Correlation and Filtering¶
As you learned in Module A, filtering is a useful technique to help make sense of a large dataset. Filtering data helps identify the similarities and differences between groups and describe the relationships between variables. Recall that a filter is a way of selecting a subset of rows based on a set of column conditions. For example, if you have population data over the past ten years for each state, you could use a filter to analyze data only for Florida or only for the year 2017. Often, you can only see important differences or trends by filtering. This is even the case when finding the correlation coefficient that best reflects the data. This is best explained through an example.
Imagine that your friend is a personal trainer who has implemented a new strength training regime to use with her clients. An screenshot of this data is shown below:
Your friend wants to see if the new routine increases the number of push-ups her clients can perform. It’s a great routine and her clients are working hard, so she expects a positive r value showing that her clients can do more push-ups as they progress through the regime. Before you start looking at each of the variables separately, think about what types of variables you are working with by first answering some questions. If you want to review what the different variable types are, you can go back to the section on variables.
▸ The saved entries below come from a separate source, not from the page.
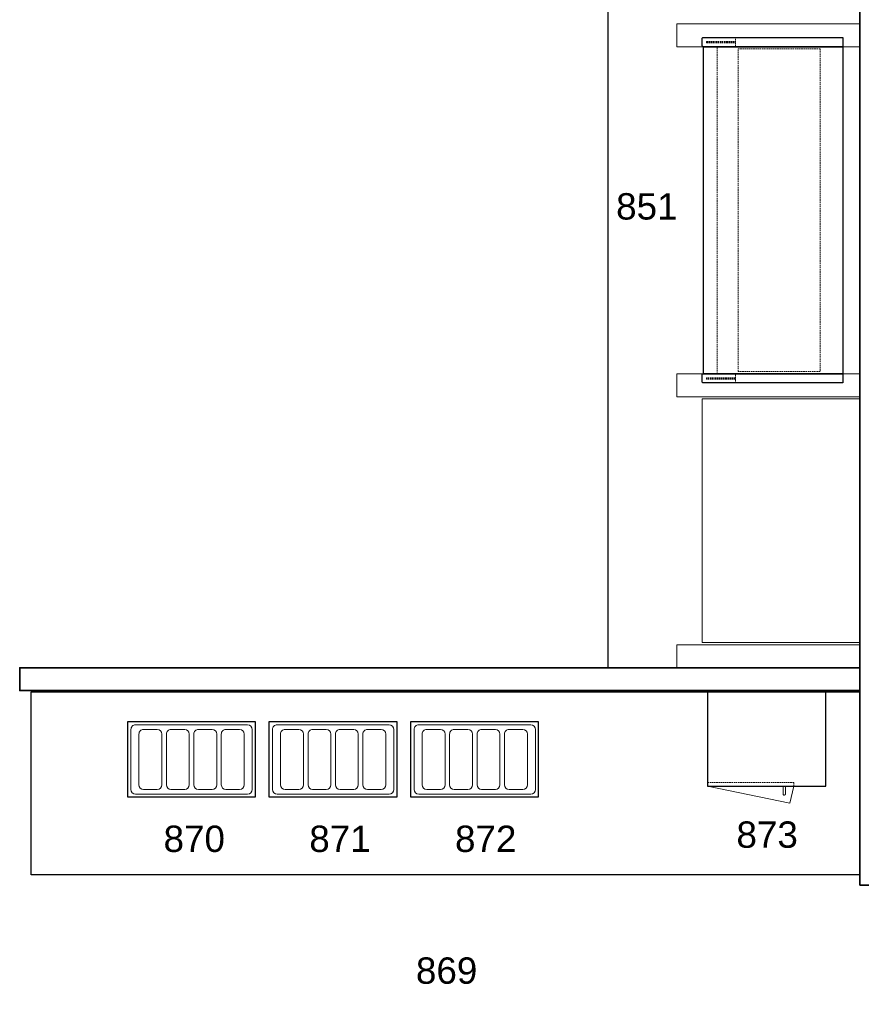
# Model space of a CAD drawing. Header units: millimetres. Extents: x 251300 to 553564, y 2563 to 144710.
# Tile 9 of 57: x 280849 to 284528, y 21641 to 25946. Entities that reach past the tile are written whole.
import ezdxf
from ezdxf.enums import TextEntityAlignment as Align

# ---------------------------------------------------------------- set-up
doc = ezdxf.new("R2010")
doc.units = ezdxf.units.MM
doc.set_wipeout_variables(frame=1)
doc.linetypes.add('HIDDEN', pattern=[9.525, 6.35, -3.175])
doc.layers.add('0 @ 50', color=7, linetype='Continuous')
for name, color, linetype, lineweight in [('APPARAAT1', 2, 'Continuous', 25), ('APPARAAT2', 1, 'Continuous', 20), ('APPARAAT3', 6, 'Continuous', 18), ('APPARAAT4', 30, 'HIDDEN', 18), ('BWK MUREN', 3, 'Continuous', 35), ('POSITIENUMMER', 141, 'Continuous', 20)]:
    doc.layers.add(name, color=color, linetype=linetype, lineweight=lineweight)
doc.styles.add('PS', font='arial.ttf')
doc.styles.get("Standard").update_dxf_attribs({"font": 'arial.ttf'})

# ---------------------------------------------------------------- blocks, each defined once
blk = doc.blocks.new('POSITIENUMMER')
at = {"layer": 'POSITIENUMMER', "style": 'PS', "flags": 1}
for tag, p in [('MERK-TYPE', (-1.224, -6.807)), ('AFMETINGEN', (-1.224, -10.863)), ('OMSCHRIJVING', (-1.224, -14.793)), ('OPMERKINGEN', (-1.224, -18.976))]:
    blk.add_attdef(tag, p, '', height=2.8, dxfattribs=at)
blk.add_wipeout([(-5.032, 0.001), (-5.029, 0.106), (-5.02, 0.202), (-4.998, 0.342), (-4.966, 0.478), (-4.926, 0.603), (-4.862, 0.761), (-4.781, 0.92), (-4.688, 1.072), (-4.6, 1.196), (-4.539, 1.273), (-4.479, 1.345), (-4.425, 1.405), (-4.348, 1.485), (-4.258, 1.573), (-4.181, 1.642), (-4.07, 1.735), (-3.911, 1.856), (-3.775, 1.951), (-3.623, 2.048), (-3.493, 2.124), (-3.307, 2.224), (-3.177, 2.288), (-3.016, 2.361), (-2.86, 2.427), (-2.718, 2.483), (-2.533, 2.549), (-2.359, 2.606), (-2.167, 2.663), (-2.003, 2.706), (-1.728, 2.771), (-1.525, 2.811), (-1.37, 2.839), (-1.127, 2.875), (-0.935, 2.899), (-0.726, 2.919), (-0.515, 2.935), (-0.278, 2.946), (-0.094, 2.95), (0.17, 2.948), (0.348, 2.943), (0.58, 2.93), (0.784, 2.914), (0.995, 2.892), (1.147, 2.872), (1.319, 2.847), (1.469, 2.822), (1.678, 2.781), (1.88, 2.737), (2.014, 2.704), (2.158, 2.665), (2.373, 2.602), (2.543, 2.546), (2.655, 2.506), (2.783, 2.458), (2.908, 2.408), (3.055, 2.345), (3.209, 2.273), (3.324, 2.215), (3.461, 2.142), (3.609, 2.056), (3.735, 1.978), (3.848, 1.901), (4.004, 1.787), (4.114, 1.699), (4.209, 1.618), (4.334, 1.499), (4.434, 1.395), (4.53, 1.285), (4.622, 1.167), (4.694, 1.064), (4.769, 0.942), (4.828, 0.833), (4.891, 0.695), (4.929, 0.596), (4.967, 0.475), (4.991, 0.378), (5.018, 0.229), (5.028, 0.129), (5.031, 0.073), (5.032, 0.041), (5.031, -0.071), (5.024, -0.178), (5.024, -0.171), (5.007, -0.3), (4.965, -0.483), (4.92, -0.622), (4.875, -0.732), (4.794, -0.898), (4.743, -0.987), (4.686, -1.076), (4.619, -1.171), (4.524, -1.293), (4.443, -1.385), (4.375, -1.458), (4.277, -1.555), (4.196, -1.629), (4.046, -1.754), (3.947, -1.83), (3.834, -1.911), (3.652, -2.03), (3.518, -2.11), (3.367, -2.192), (3.229, -2.263), (3.117, -2.316), (2.93, -2.399), (2.808, -2.448), (2.671, -2.5), (2.505, -2.559), (2.263, -2.635), (2.12, -2.676), (1.901, -2.732), (1.705, -2.776), (1.55, -2.807), (1.407, -2.832), (1.278, -2.853), (1.108, -2.878), (0.845, -2.908), (0.675, -2.923), (0.464, -2.938), (0.289, -2.945), (0.095, -2.95), (-0.118, -2.949), (-0.33, -2.944), (-0.563, -2.932), (-0.834, -2.909), (-1.089, -2.88), (-1.302, -2.85), (-1.581, -2.801), (-1.83, -2.748), (-2.053, -2.694), (-2.13, -2.673), (-2.148, -2.668), (-2.406, -2.591), (-2.613, -2.521), (-2.793, -2.454), (-2.945, -2.392), (-3.084, -2.331), (-3.252, -2.251), (-3.371, -2.19), (-3.499, -2.12), (-3.641, -2.037), (-3.76, -1.961), (-3.889, -1.872), (-3.969, -1.814), (-4.082, -1.725), (-4.146, -1.672), (-4.323, -1.51), (-4.477, -1.347), (-4.552, -1.257), (-4.638, -1.145), (-4.732, -1.004), (-4.794, -0.897), (-4.858, -0.77), (-4.909, -0.648), (-4.944, -0.55), (-4.975, -0.444), (-5.01, -0.277), (-5.021, -0.193), (-5.031, -0.068)]).dxf.layer = 'POSITIENUMMER'
at = {"layer": 'POSITIENUMMER'}
blk.add_attdef('POS', text='', height=2.304, dxfattribs=at).set_placement((0, 0), align=Align.MIDDLE)
blk = doc.blocks.new('wandkoeling Alaska')
at = {"layer": 'APPARAAT1'}
for points in [[(5247.4, 1869), (5277.4, 1869, 0.414214), (5282.4, 1874), (5282.4, 2484), (5242.4, 2484), (5242.4, 1874, 0.414214)], [(6717.4, 1869), (6747.4, 1869, 0.414214), (6752.4, 1874), (6752.4, 2484), (6712.4, 2484), (6712.4, 1874, 0.414214)]]:
    blk.add_lwpolyline(points, format="xyb", close=True, dxfattribs=at)
blk.add_lwpolyline([(5282.4, 1874), (6712.4, 1874), (6712.4, 2484), (5282.4, 2484)], close=True, dxfattribs=at)
at = {"layer": 'APPARAAT3', "linetype": 'HIDDEN'}
for p, q in [((5259.4, 2014.3), (5259.4, 1888.3)), ((5262.4, 2014.3), (5262.4, 1888.3)), ((5265.4, 2014.3), (5265.4, 1888.3)), ((6729.4, 1888.3), (6729.4, 2014.3)), ((6732.4, 1888.3), (6732.4, 2014.3)), ((6735.4, 1888.3), (6735.4, 2014.3)), ((5259.4, 1888.3), (5265.4, 1888.3)), ((6729.4, 1888.3), (6735.4, 1888.3))]:
    blk.add_line(p, q, dxfattribs=at)
at = {"layer": 'APPARAAT4'}
for p, q in [((6702.4, 2384), (5292.4, 2384)), ((5292.4, 2384), (5292.4, 2025.7)), ((6702.4, 2025.7), (6702.4, 2384)), ((5292.4, 2025.7), (6702.4, 2025.7)), ((5242.4, 2014.3), (5282.4, 2014.3)), ((6712.4, 2014.3), (6752.4, 2014.3)), ((5282.4, 1934), (6712.4, 1934))]:
    blk.add_line(p, q, dxfattribs=at)
blk = doc.blocks.new('Samsung CM 1069')
at = {"layer": 'APPARAAT1'}
blk.add_lwpolyline([(0, -412), (517, -412), (517, 0), (0, 0)], close=True, dxfattribs=at)
at = {"layer": 'APPARAAT2'}
blk.add_lwpolyline([(334.8, -452), (334.8, -452, 0.414214), (339.8, -447), (339.8, -412), (329.8, -412), (329.8, -447, 0.414214)], format="xyb", close=True, dxfattribs=at)
at = {"layer": 'APPARAAT3'}
for p, q in [((0, -412), (359.7, -487)), ((359.7, -487), (377.5, -412))]:
    blk.add_line(p, q, dxfattribs=at)
at = {"layer": 'APPARAAT4'}
blk.add_lwpolyline([(0, -412), (377.5, -412), (377.5, -397), (0, -397)], close=True, dxfattribs=at)
blk = doc.blocks.new('bestekbak')
at = {"layer": 'APPARAAT1'}
for p, q in [((0, -560), (0, 0)), ((0, 0), (327.3, 0)), ((327.3, 0), (327.3, -560)), ((327.3, -560), (0, -560))]:
    blk.add_line(p, q, dxfattribs=at)
at = {"layer": 'APPARAAT2'}
for p, q in [((11.7, -524.3), (11.7, -34.3)), ((31.7, -14.3), (294, -14.3)), ((314, -34.3), (314, -524.3)), ((31.7, -129.3), (31.7, -69.3)), ((274, -49.3), (51.7, -49.3)), ((294, -69.3), (294, -129.3)), ((274, -149.3), (51.7, -149.3)), ((274, -169.3), (51.7, -169.3)), ((31.7, -249.3), (31.7, -189.3)), ((294, -189.3), (294, -249.3)), ((274, -269.3), (51.7, -269.3)), ((274, -289.3), (51.7, -289.3)), ((31.7, -369.3), (31.7, -309.3)), ((294, -309.3), (294, -369.3)), ((31.7, -489.3), (31.7, -429.3)), ((274, -389.3), (51.7, -389.3)), ((274, -409.3), (51.7, -409.3)), ((294, -429.3), (294, -489.3)), ((274, -509.3), (51.7, -509.3)), ((294, -544.3), (31.7, -544.3))]:
    blk.add_line(p, q, dxfattribs=at)
for centre, start, end in [((31.7, -34.3), 90, 180), ((294, -34.3), 0, 90), ((51.7, -69.3), 90, 180), ((274, -69.3), 0, 90), ((51.7, -129.3), 180, 270), ((51.7, -189.3), 90, 180), ((274, -129.3), 270, 0), ((274, -189.3), 0, 90), ((51.7, -249.3), 180, 270), ((274, -249.3), 270, 0), ((51.7, -309.3), 90, 180), ((274, -309.3), 0, 90), ((51.7, -369.3), 180, 270), ((274, -369.3), 270, 0), ((51.7, -429.3), 90, 180), ((274, -429.3), 0, 90), ((51.7, -489.3), 180, 270), ((274, -489.3), 270, 0), ((31.7, -524.3), 180, 270), ((294, -524.3), 270, 0)]:
    blk.add_arc(centre, 20, start, end, dxfattribs=at)

msp = doc.modelspace()

# ---------------------------------------------------------------- linework, layer by layer
at = {"layer": 'APPARAAT2'}
for points in [[(284522.1, 25927.6), (283722.1, 25927.6), (283722.1, 25827.6), (284522.1, 25827.6)], [(284522.1, 24297.6), (283722.1, 24297.6), (283722.1, 24397.6), (284522.1, 24397.6)], [(284522.1, 23112.6), (283722.1, 23112.6), (283722.1, 23212.6), (284522.1, 23212.6)]]:
    msp.add_lwpolyline(points, close=True, dxfattribs=at)
at = {"layer": 'APPARAAT3'}
msp.add_lwpolyline([(284522.1, 24287.6), (283832.8, 24287.6), (283832.8, 23222.6), (284522.1, 23222.6)], close=True, dxfattribs=at)
at = {"layer": 'BWK MUREN'}
for p, q in [((284522.1, 22162.6), (284522.1, 30013.8)), ((284622.1, 22162.6), (284522.1, 22162.6))]:
    msp.add_line(p, q, dxfattribs=at)
msp.add_lwpolyline([(284522.1, 23112.6), (280848.9, 23112.6), (280848.9, 23012.6), (284522.1, 23012.6)], dxfattribs=at)

# ---------------------------------------------------------------- block references
at = {"layer": '0 @ 50', "xscale": 50, "yscale": 50, "zscale": 50}
msp.add_blockref('POSITIENUMMER', (283590.5, 25129.6), dxfattribs=at).add_auto_attribs({'POS': '851'})
at = {"layer": '0 @ 50'}
ref = msp.add_blockref('POSITIENUMMER', (284116.5, 22383), dxfattribs=dict(at, xscale=-50, yscale=50, zscale=50))
ref.add_attrib('POS', '873', dxfattribs={"layer": 'POSITIENUMMER', "height": 115.2}).set_placement((284116.5, 22383), align=Align.MIDDLE)
ref = msp.add_blockref('POSITIENUMMER', (281612, 22364.7), dxfattribs=dict(at, xscale=-50, yscale=50, zscale=50))
ref.add_attrib('POS', '870', dxfattribs={"layer": 'POSITIENUMMER', "height": 115.2}).set_placement((281612, 22364.7), align=Align.MIDDLE)
ref = msp.add_blockref('POSITIENUMMER', (282249.1, 22364.7), dxfattribs=dict(at, xscale=-50, yscale=50, zscale=50))
ref.add_attrib('POS', '871', dxfattribs={"layer": 'POSITIENUMMER', "height": 115.2}).set_placement((282249.1, 22364.7), align=Align.MIDDLE)
ref = msp.add_blockref('POSITIENUMMER', (282886.2, 22364.7), dxfattribs=dict(at, xscale=-50, yscale=50, zscale=50))
ref.add_attrib('POS', '872', dxfattribs={"layer": 'POSITIENUMMER', "height": 115.2}).set_placement((282886.2, 22364.7), align=Align.MIDDLE)
ref = msp.add_blockref('POSITIENUMMER', (282715.3, 21788.6), dxfattribs=dict(at, xscale=-50, yscale=50, zscale=50))
ref.add_attrib('POS', '869', dxfattribs={"layer": 'POSITIENUMMER', "height": 115.2}).set_placement((282715.3, 21788.6), align=Align.MIDDLE)
at = {"layer": 'APPARAAT2', "xscale": -1, "rotation": 270}
for p in [(281879.6, 22548.7), (282498.6, 22548.7), (283117.6, 22548.7)]:
    msp.add_blockref('bestekbak', p, dxfattribs=at)

# ---------------------------------------------------------------- next in the draw order: linework, layer by layer
at = {"layer": 'APPARAAT1'}
for points in [[(284522.1, 23112.6), (283422.1, 23112.6), (283422.1, 29963.8), (284522.1, 29963.8)], [(280898.9, 23007.4), (284522.1, 23007.4), (284522.1, 22207.4), (280898.9, 22207.4)]]:
    msp.add_lwpolyline(points, close=True, dxfattribs=at)

# ---------------------------------------------------------------- next in the draw order: block references
at = {"xscale": -1, "rotation": 270}
msp.add_blockref('wandkoeling Alaska', (281963.6, 19115.2), dxfattribs=at)
msp.add_blockref('Samsung CM 1069', (283856.2, 23007.4))

doc.saveas('drawing.dxf')

As you have learned in the past, you can use the CORREL function to calculate the r value. When calculating the r value, you can see that it is -0.41. However, looking at the scatter plot, it looks like each individual has improved. How is this the case when the overall trend is negative? This is an example of Simpson’s paradox, in which every subset of a population shows the opposite effect to the population itself. If the trainer could filter by participant, she could find the correlation for each participant. Notice that the trends become more apparent once the data is filtered by participant.
This graph shows that each participant has improved, and the correlation coefficient for each individual would be positive. Although r values can be useful, it is important that you closely examine data before making conclusions using just one value.